Subject: Contributing some first order ode routines
From: Billinghurst, David (CALCRTS)
Date: Sun, 25 Jan 2004 23:34:10 +1100
Over my summer break I have managed to work on my first order ode
routines. I have attached a brief description below. I'd like to
create a share/contrib/diffequations directory and put them there
to mature for a while. Any objections.
========================== contrib_ode.usg ========================
-*- mode: Text; -*-
MAXIMA's ordinary differential equation (ODE) solver ODE2 solves
elementary linear ODEs of first and second order. The function
contrib_ode extends ODE2 with additional methods. The code may be
integrated into MAXIMA at some stage.
The calling convention for contrib_ode is identical to ODE2. It takes
three arguments: an ODE (only the left hand side need be given if the
right hand side is 0), the dependent variable, and the independent
variable. When successful, it returns a list of solutions. Each
solution can be: an explicit solution for the dependent variable; an
implicit solution for the dependent variable; or a parametric solution
in terms of variable %t. %C is used to represent the constant in the
case of first order equations, and %K1 and %K2 the constants for
second order equations. If contrib_ode cannot obtain a solution for
whatever reason, it returns FALSE, after perhaps printing out an error
message.
(C1) eqn:x*'diff(y,x)^2-(1+x*y)*'diff(y,x)+y=0;
dy 2 dy
(D1) x (--) - (x y + 1) -- + y = 0
dx dx
(C2) contrib_ode(eqn,y,x);
x
(D2) [y = LOG(x) + %C, y = %C %E ]
(C3) method;
(D3) FACTOR
Nonlinear odes can have singular solutions without constants of
integration.
(C4) eqn:'diff(y,x)^2+x*'diff(y,x)-y=0;
dy 2 dy
(D4) (--) + x -- - y = 0
dx dx
(C5) contrib_ode(eqn,y,x);
2
2 x
(D5) [y = %C x + %C , y = - --]
4
(C6) method;
(D6) clairault
The following ode has two parametric solutions in terms of the dummy
variable %t. In this case the parametric solutions can be manipulated
to give explicit solutions.
(C7) eqn:'diff(y,x)=(x+y)^2;
dy 2
(D7) -- = (y + x)
dx
(C8) contrib_ode(eqn,y,x);
(D8) [[x = %C - ATAN(SQRT(%T)), y = - x - SQRT(%T)],
[x = ATAN(SQRT(%T)) + %C, y = SQRT(%T) - x]]
(C9) method;
(D9) lagrange
For first order ODEs contrib_ode calls ode2. It then tries the
following methods: factorization, Clairault, Lagrange, Riccati and Lie
symmetry methods.
For second order ODEs contrib_ode calls ode2. No other methods are
implemented yet.
Extensive debugging traces and messages are displayed if the command
put('contrib_ode,true,'verbose) is executed.
TO DO
=====
These routines are work in progress. I still need to:
* Extend the FACTOR method ode1_factor to work for multiple roots.
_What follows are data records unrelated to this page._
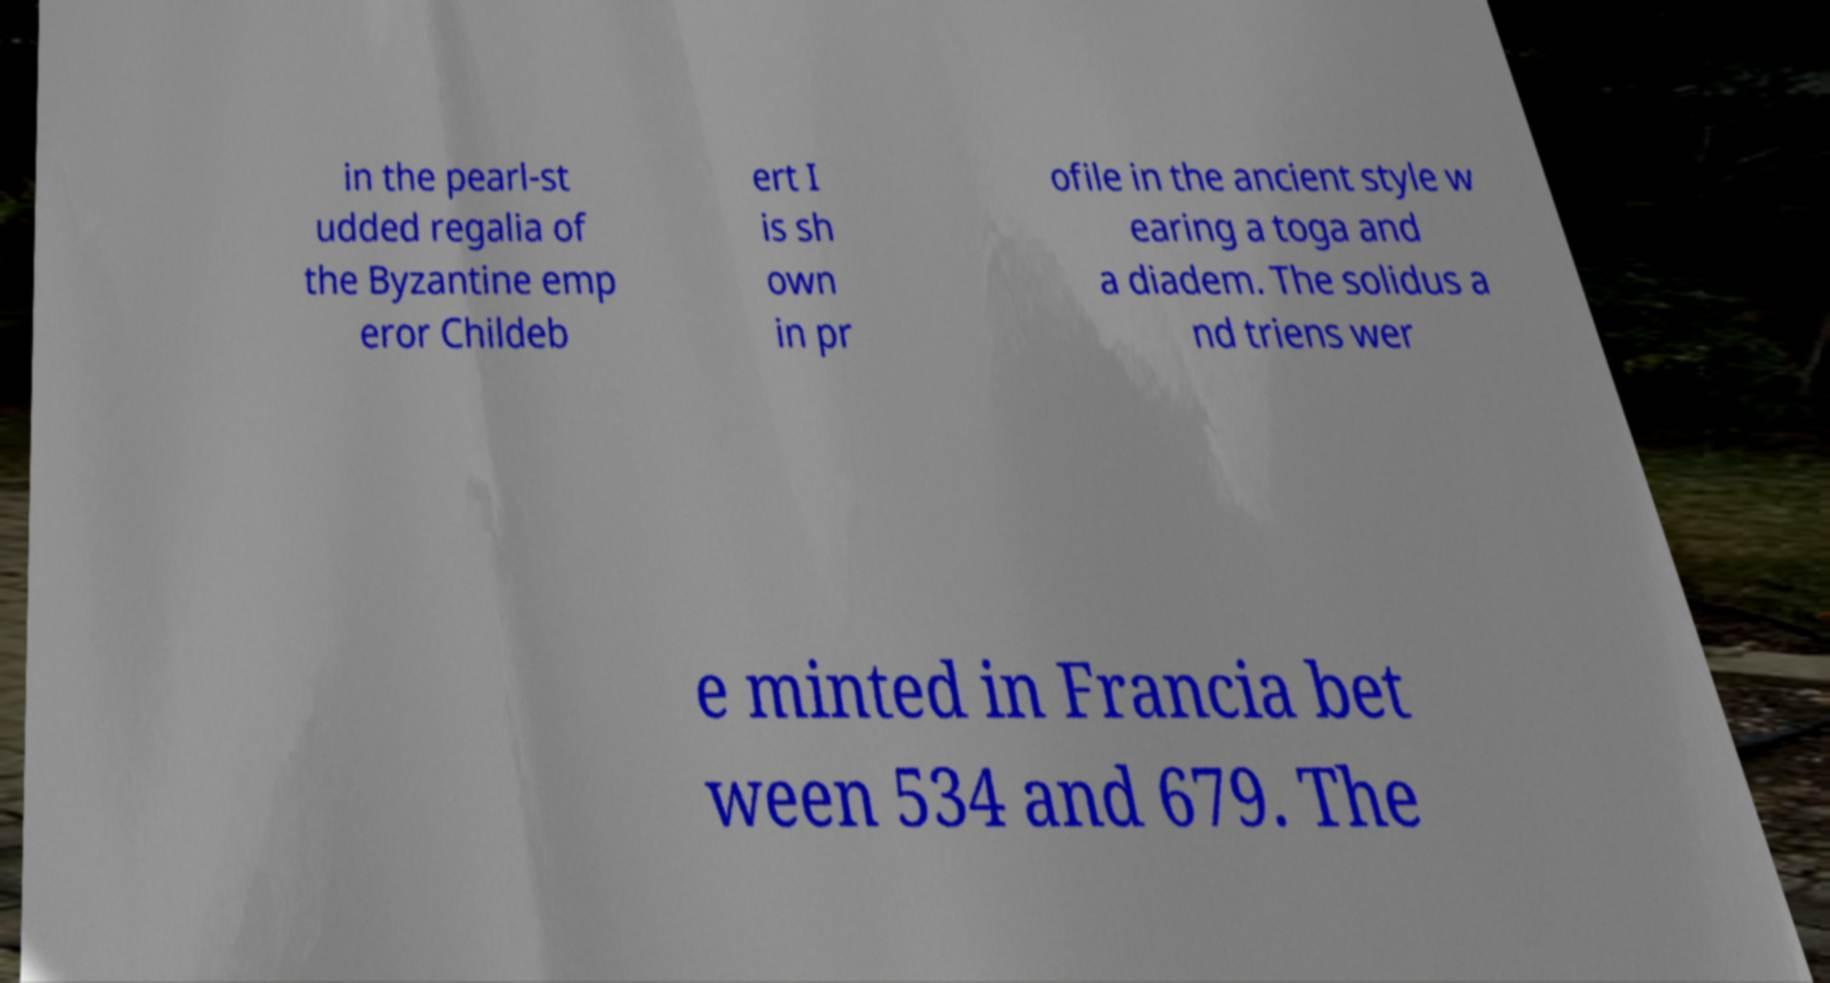Can you read and provide the text displayed in the image?This photo seems to have some interesting text. Can you extract and type it out for me? in the pearl-st udded regalia of the Byzantine emp eror Childeb ert I is sh own in pr ofile in the ancient style w earing a toga and a diadem. The solidus a nd triens wer e minted in Francia bet ween 534 and 679. The 
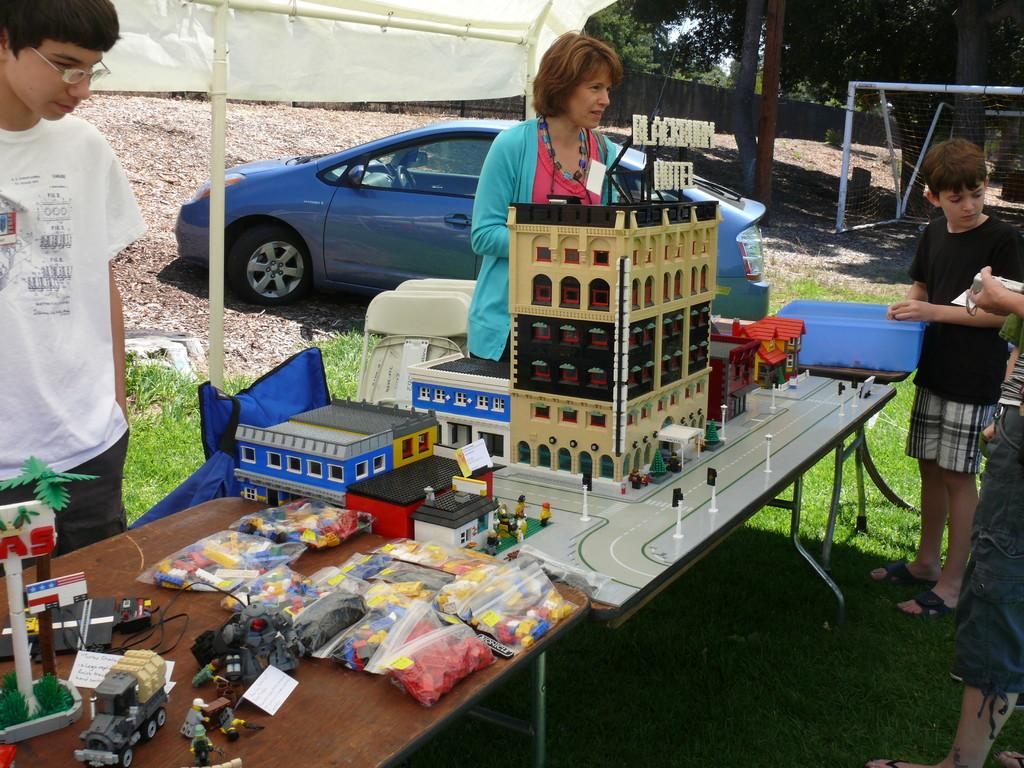How many people are in the image? There are three people in the image: a woman and two boys. What are the boys doing in the image? One of the boys is looking at toys, while the other boy's activity is not specified. What type of toys can be seen in the image? The toys include building blocks and wires. What other objects can be seen in the image? There is a car, a basket, and rods in the image. What can be seen in the background of the image? There are trees and a wall in the image. What type of business is being conducted in the image? There is no indication of any business being conducted in the image. What things are being used to create humor in the image? There is no humor or comedic elements present in the image. 
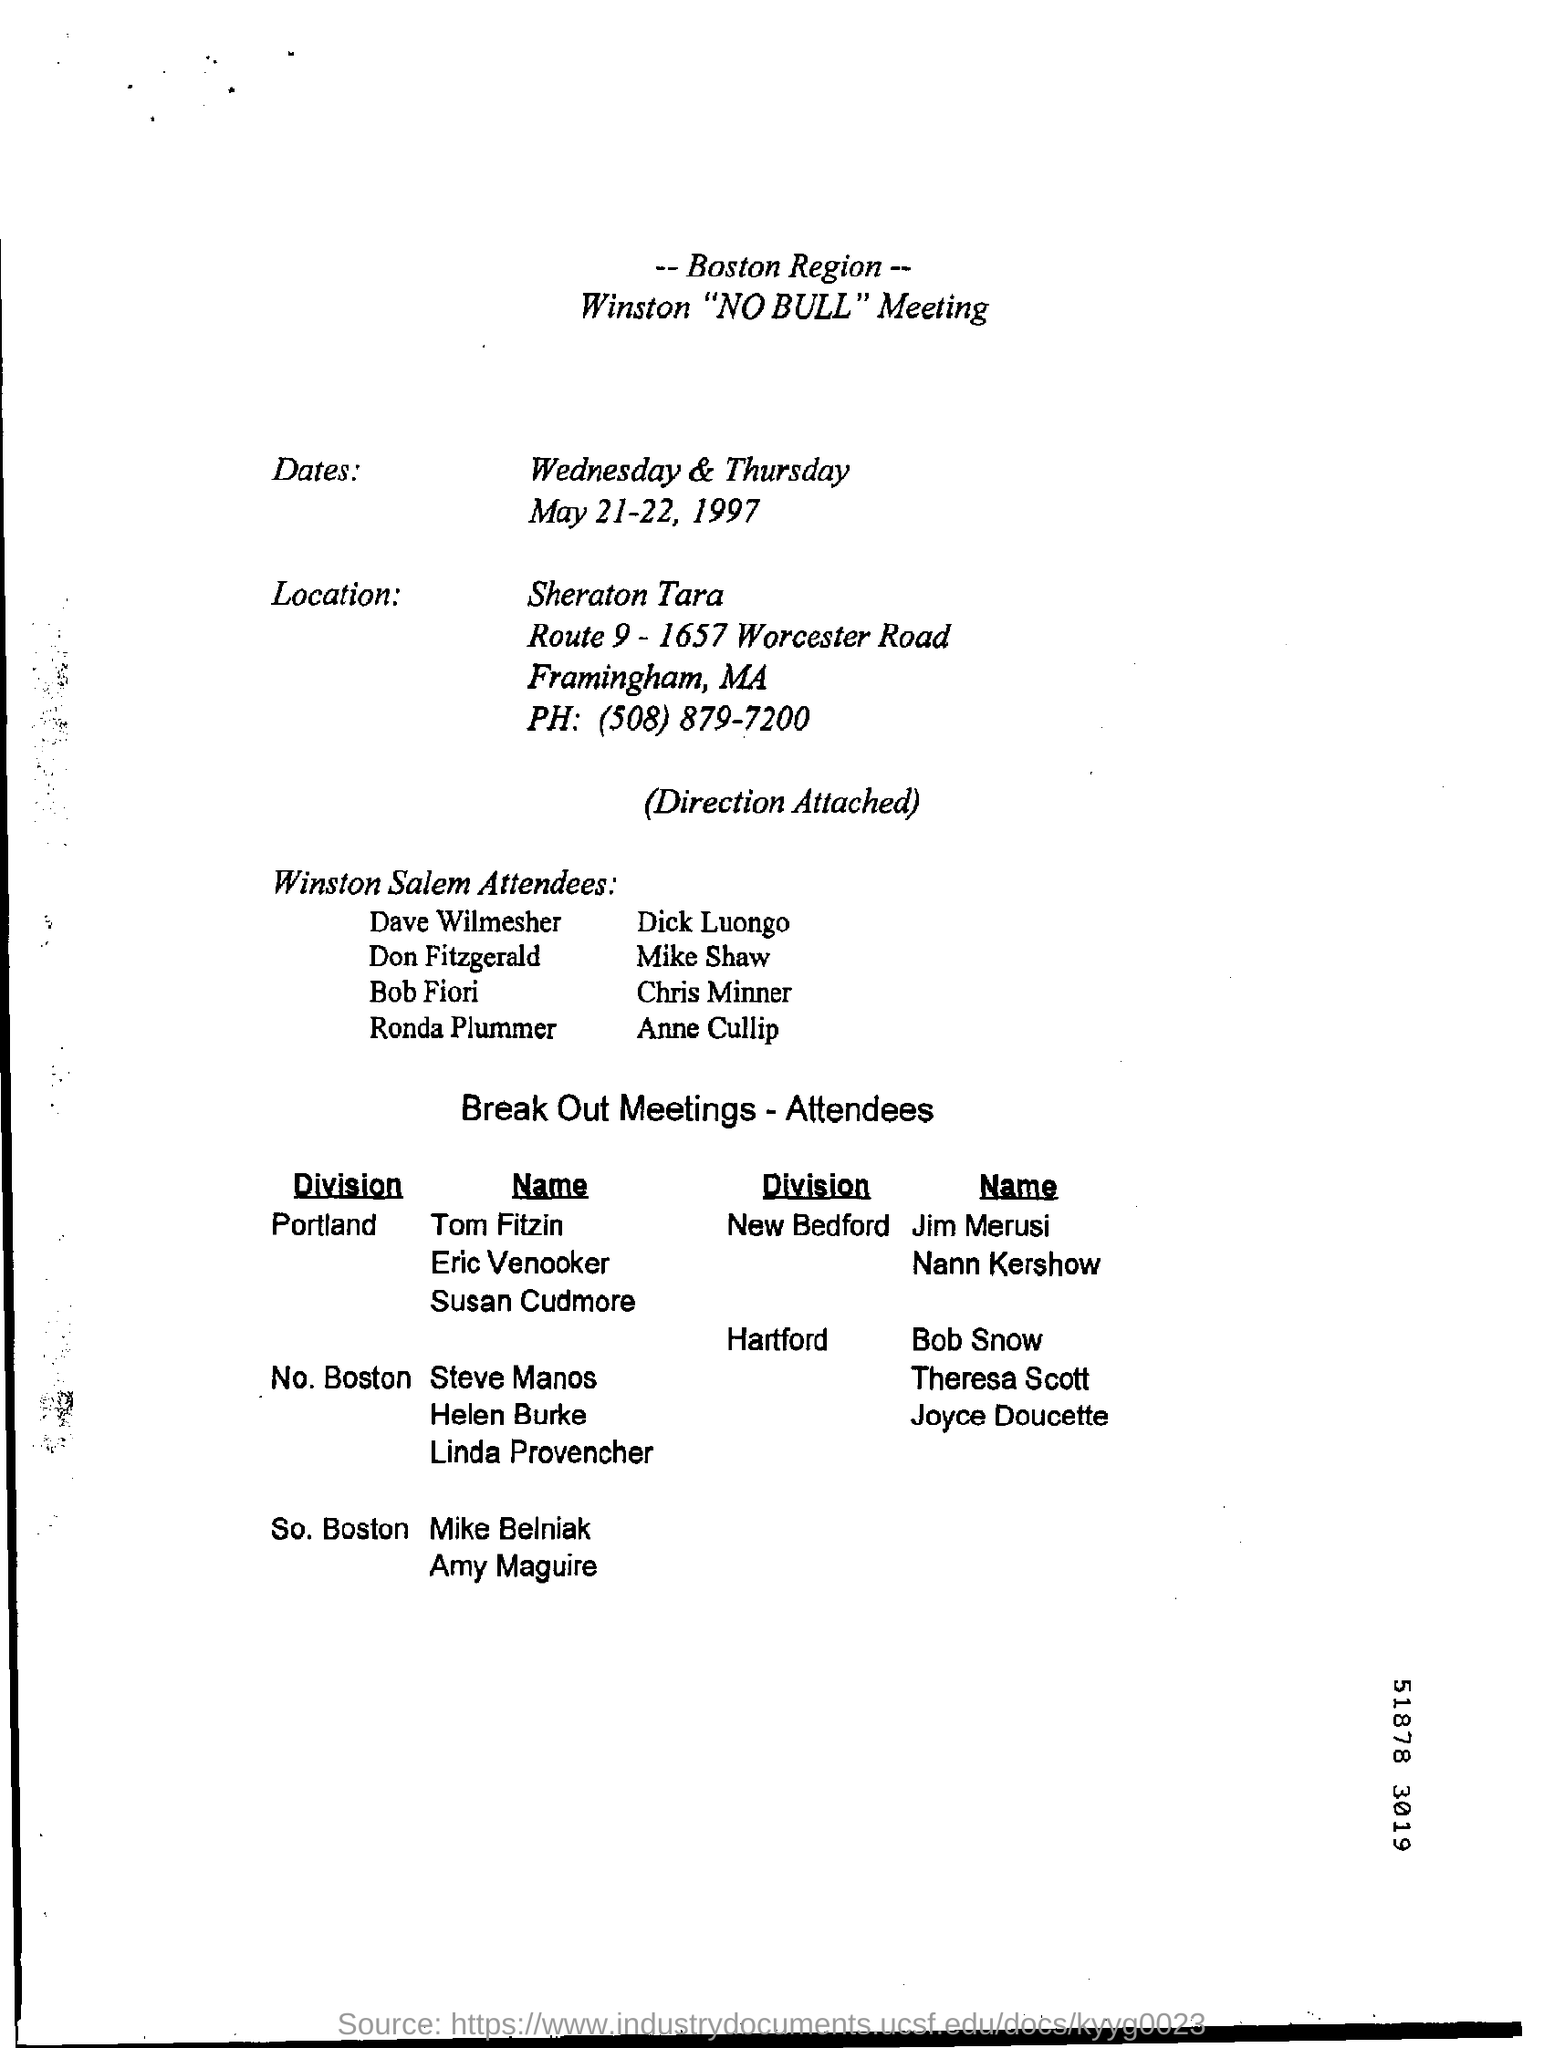Indicate a few pertinent items in this graphic. The title of the meeting is "What is the Title of the Meeting? Winston "NO BULL" Meeting. 
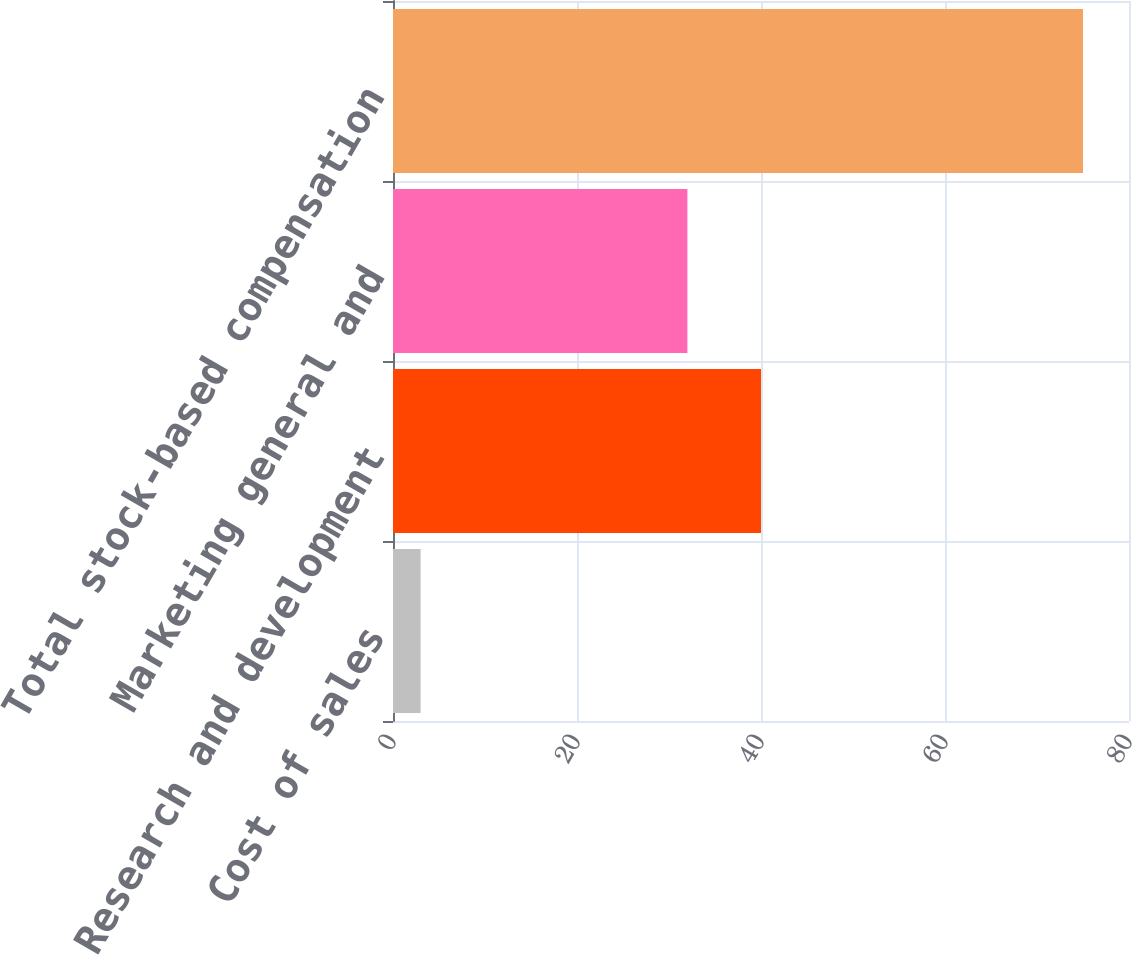<chart> <loc_0><loc_0><loc_500><loc_500><bar_chart><fcel>Cost of sales<fcel>Research and development<fcel>Marketing general and<fcel>Total stock-based compensation<nl><fcel>3<fcel>40<fcel>32<fcel>75<nl></chart> 
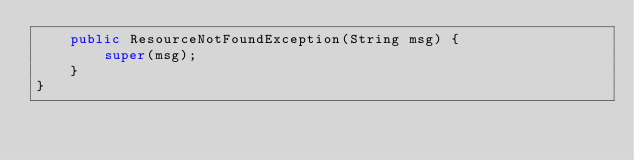<code> <loc_0><loc_0><loc_500><loc_500><_Java_>    public ResourceNotFoundException(String msg) {
        super(msg);
    }
}</code> 
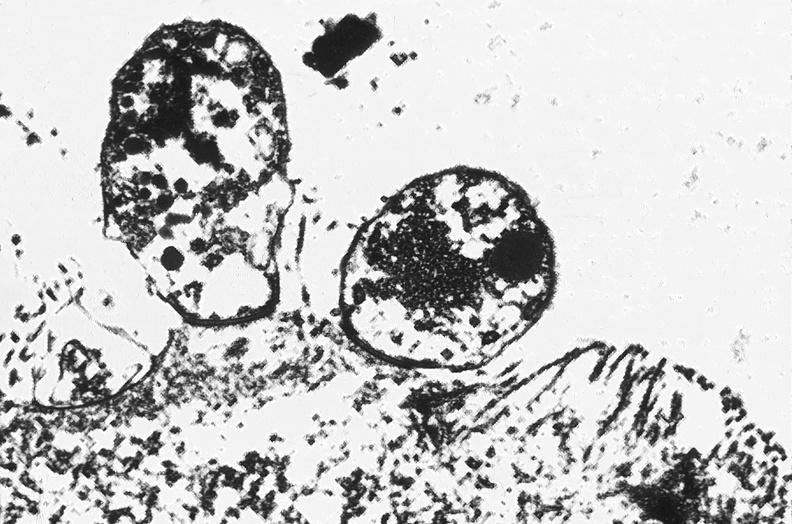does this image show colon, cryptosporidia?
Answer the question using a single word or phrase. Yes 
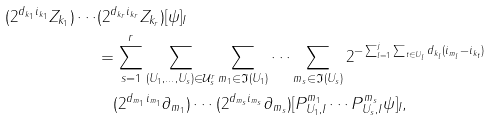<formula> <loc_0><loc_0><loc_500><loc_500>( 2 ^ { d _ { k _ { 1 } } i _ { k _ { 1 } } } Z _ { k _ { 1 } } ) \cdots & ( 2 ^ { d _ { k _ { r } } i _ { k _ { r } } } Z _ { k _ { r } } ) [ \psi ] _ { I } \\ & = \sum _ { s = 1 } ^ { r } \sum _ { ( U _ { 1 } , \dots , U _ { s } ) \in \mathcal { U } ^ { r } _ { s } } \sum _ { m _ { 1 } \in \mathfrak I ( U _ { 1 } ) } \cdots \sum _ { m _ { s } \in \mathfrak I ( U _ { s } ) } 2 ^ { - \sum _ { l = 1 } ^ { j } \sum _ { t \in U _ { l } } d _ { k _ { l } } ( i _ { m _ { l } } - i _ { k _ { t } } ) } \\ & \quad ( 2 ^ { d _ { m _ { 1 } } i _ { m _ { 1 } } } \partial _ { m _ { 1 } } ) \cdots ( 2 ^ { d _ { m _ { s } } i _ { m _ { s } } } \partial _ { m _ { s } } ) [ P ^ { m _ { 1 } } _ { U _ { 1 } , I } \cdots P ^ { m _ { s } } _ { U _ { s } , I } \psi ] _ { I } ,</formula> 
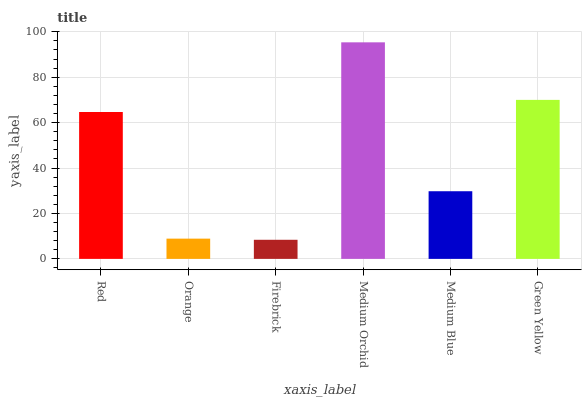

* Extend the FACTOR method ode1_factor to attempt to solve higher
order factors. At present it only attemps to solve linear factors.
* Fix the LAGRANGE routine ode1_lagrange to prefer real roots over
complex roots.
* Add additional methods for Riccati equations.
* Work out how to return partial solutions, such as those obtained for
Riccati equations.
* Add routines for Abel equations.
* Work on the Lie symmetry group routine ode1_lie. There are quite a
few problems with it: some parts are unimplemented; some test cases
seem to run forever; other test cases crash; yet others return very
complex "solutions". I wonder if it really ready for release yet.
* Add more test cases.
TEST CASES
==========
The routines have been tested on a few hundred test cases from Murphy,
Kamke and Zwillinger. These are included in the tests subdirectory.
* The Clairault routine ode1_clairault finds all known solutions,
including singular soultions. (This statement is asking for
trouble).
* The other routines often return a single solution when multiple
solutions exist.
* Some of the "solutions" from ode1_lie are overly complex and
impossible to check.
* There are some crashes.
References
==========
[1] E Kamke, Differentialgleichungen Losungsmethoden und Losungen, Vol 1,
Geest & Portig, Leipzig, 1961
[2] G M Murphy, Ordinary Differential Equations and Their Solutions,
Van Nostrand, New York, 1960
[3] D Zwillinger, Handbook of Differential Equations, 3rd edition,
Academic Press, 1998